Существуют, конечно, и другие способы испытания: в частности, факт референции верифицируется в лингвистике в том числе и через проверку возможности применить к данной словесной группе в ее целом дополнительную общую предикацию (в ее обычном понимании). В случае успешного прохождения такого испытания данная словесная группа в целом получает способность занимать субъектную позицию в суждении и, соответственно, получает статус языкового компонента, обладающего способностью к самостоятельной референции. В этом смысле существенным подтверждением факта осуществления референции, скажем, в пра-мифе являются выросшие «на нем» (или «из него») многочисленные более поздние «роскошные» мифологемы: ведь эти мифологемы по существу как раз и производят «обычную» лингвистическую предикацию к пра-мифу, непосредственно воспринимаемому уже как референцирующая языковая фигура в субъектной позиции на уровне «макротекста». Во всяком случае, такая «проверка» соответствует интенции ивановской мысли, ведь восстановление пра-мифа, по Иванову, – это и есть поиск исходной языковой формы для первичного референта путем постепенного отслаивания «роскошных», напластованных историей культуры, предикатов (ниже мы еще вернемся к этой базовой ивановской теме). Неискаженно восстановленным символический референт ощущается, по Иванову, именно тогда, когда восстановлено пра-суждение мифа в его целостном двойном (субъектно-предика-тивном) языковом составе. Ни изолированный символ, пусть даже входящий в состав этого пра-мифа, ни какое-либо «синтетическое имя» (в смысле Флоренского), ни тем более предикат мифа сам по себе такого ощущения полной и неискаженной восстановленности референта дать не в состоянии. Таким образом, можно с определенной долей уверенности говорить, что символические фигуры речи, действительно, осуществляют референцию, по Иванову, только своим целостным составом.

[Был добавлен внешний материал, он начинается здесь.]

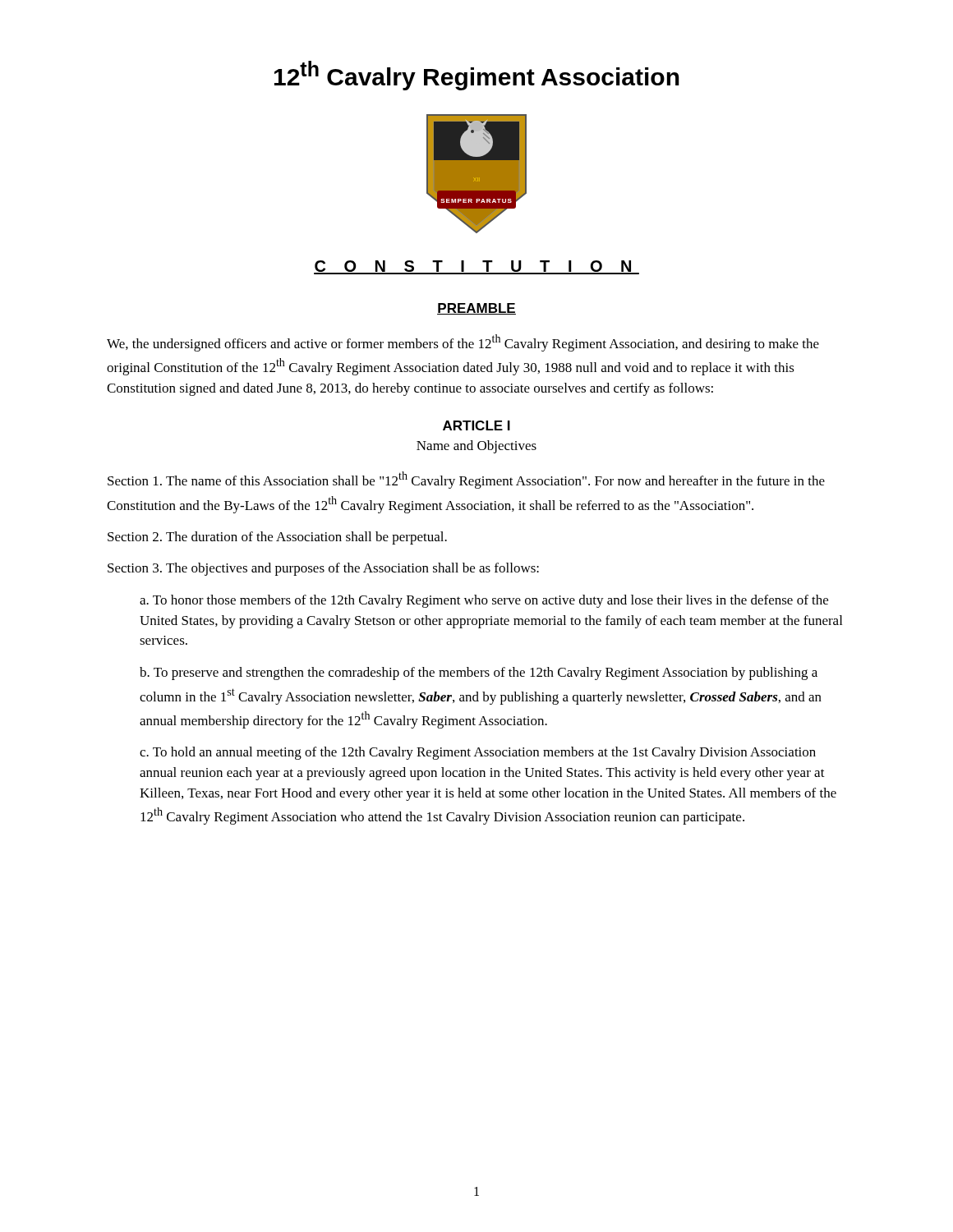Click the passage that begins "Section 1. The name"
The image size is (953, 1232).
tap(466, 491)
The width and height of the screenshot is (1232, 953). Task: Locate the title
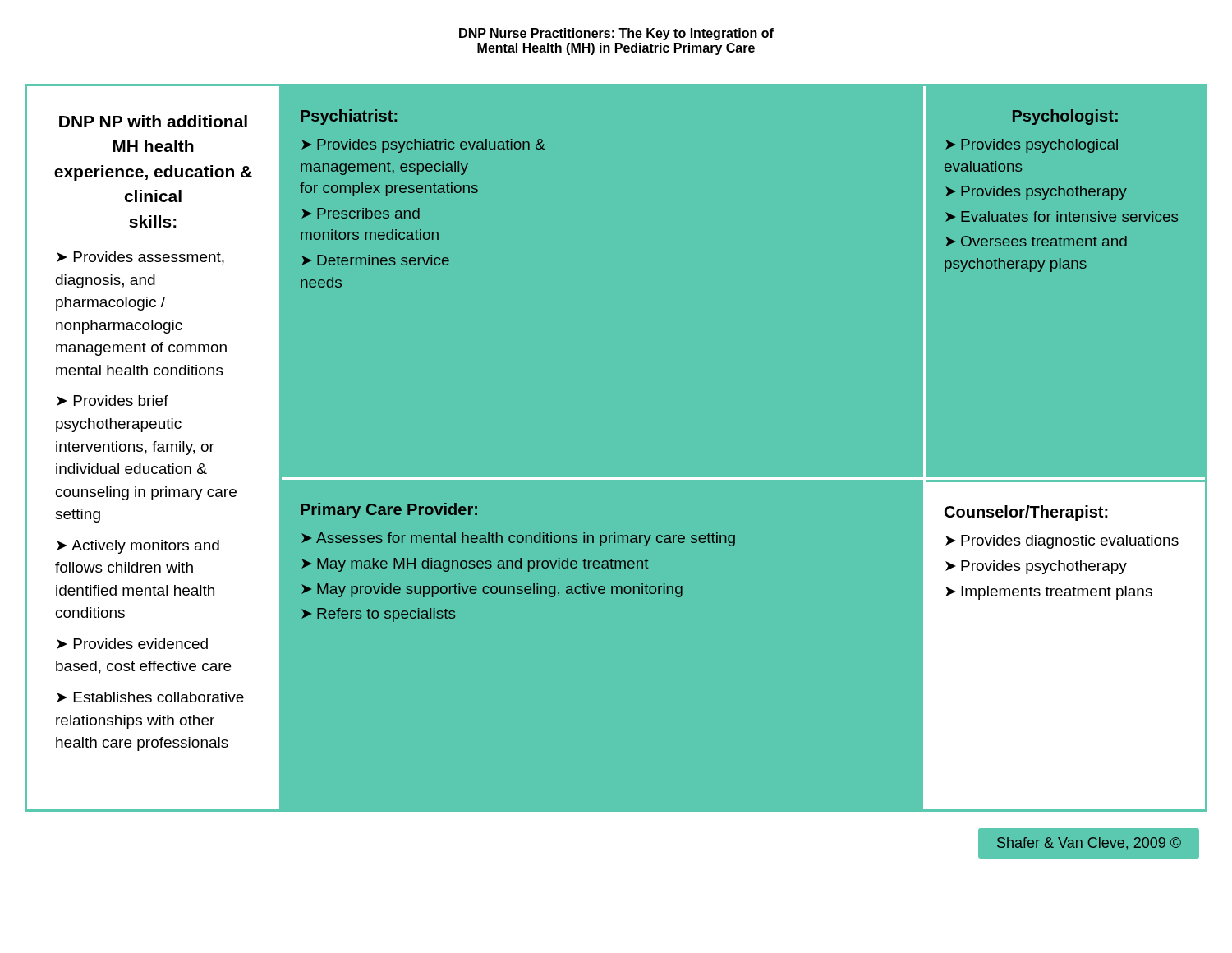616,41
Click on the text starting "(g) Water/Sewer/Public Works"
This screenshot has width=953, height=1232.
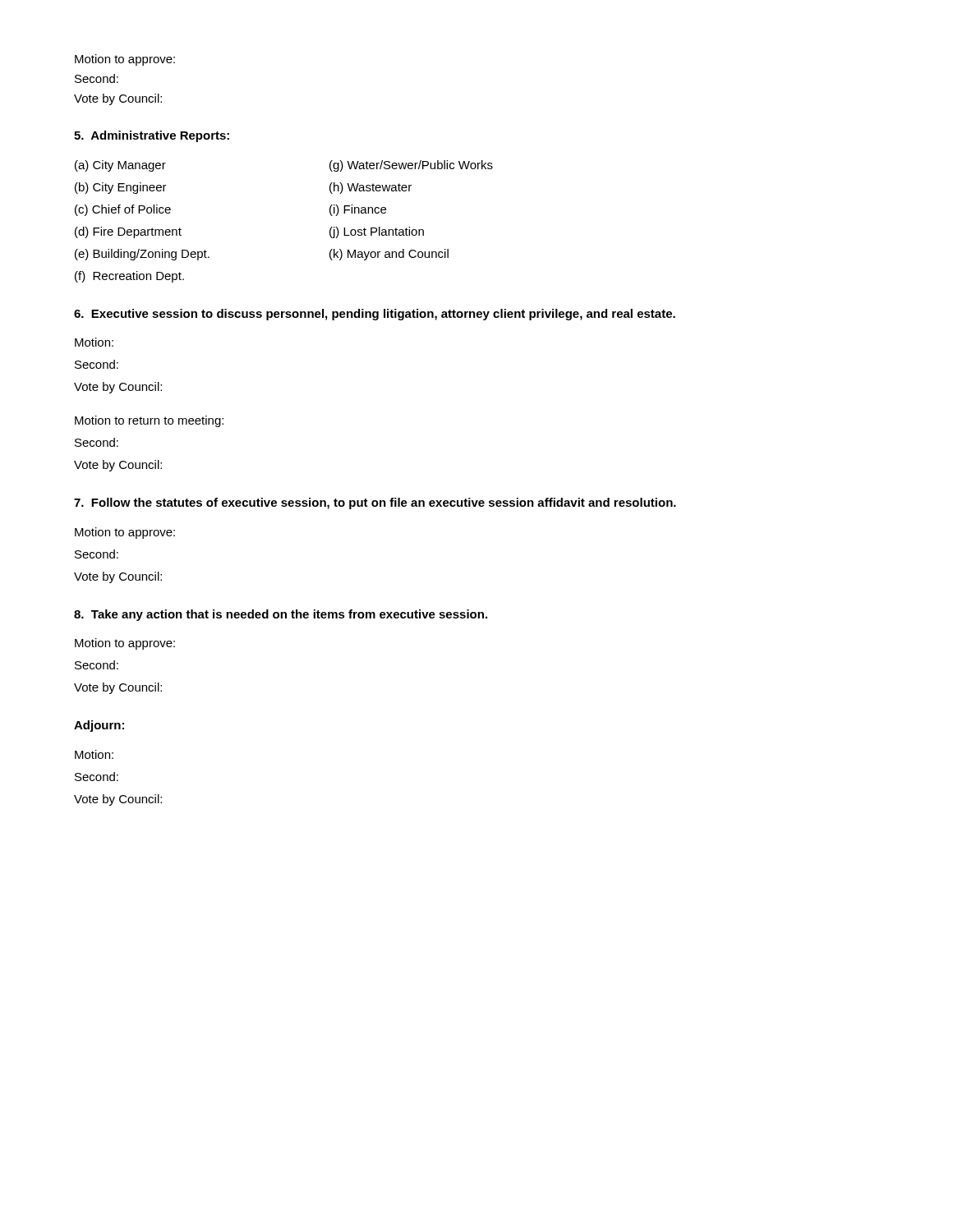pyautogui.click(x=411, y=164)

Выше мы обратились к ивановскому примеру истинного мифа («Любовь движет Солнце и другие Звезды») в том числе и по той причине, что в одном из его ивановских анализов в наиболее обнаженном виде проявляется еще один важный для нас и тоже уже намеченный ранее момент. В своей формуле мифа Иванов всегда исходит из символа, к которому добавляется глагольный предикат; интересующее же нас здесь рассуждение Иванова об этом мифе строится обратным образом: от «движения Солнца и Звезд», то есть от того, что станет в мифе предикатом, к «Любви», то есть к тому, что станет субъектом. Эта, условно говоря, «последовательность» зафиксирована Ивановым следующим образом: «Ты видишь движение сияющего свода, ты слышишь его гармонию: знай же, оно – Любовь. Любовь движет Солнце и другие Звезды» (2, 607). Здесь ищется и синтетически добавляется, таким образом, не предикат, а символ, который помещается затем в субъектную позицию. Такое направление синтетического «языкового движения» коррелирует с одной из идей Потебни, считавшего, что и мифическое мышление, и сам словесный миф есть в глубине своей поиск именно субъекта. Не только, следовательно, имя символического референта не дано, по Иванову, изначально, но может быть не дан и символ – как уже объективированный, хотя бы в языковом отношении, «момент» референта. А значит, исток мифа может содержаться, по Иванову, как это видно из данного примера, именно в предикации, а не в объективации, что как раз и соответствует предложенному здесь предикативному толкованию смысловой природы изолированного символа, объективированного только по своей языковой форме.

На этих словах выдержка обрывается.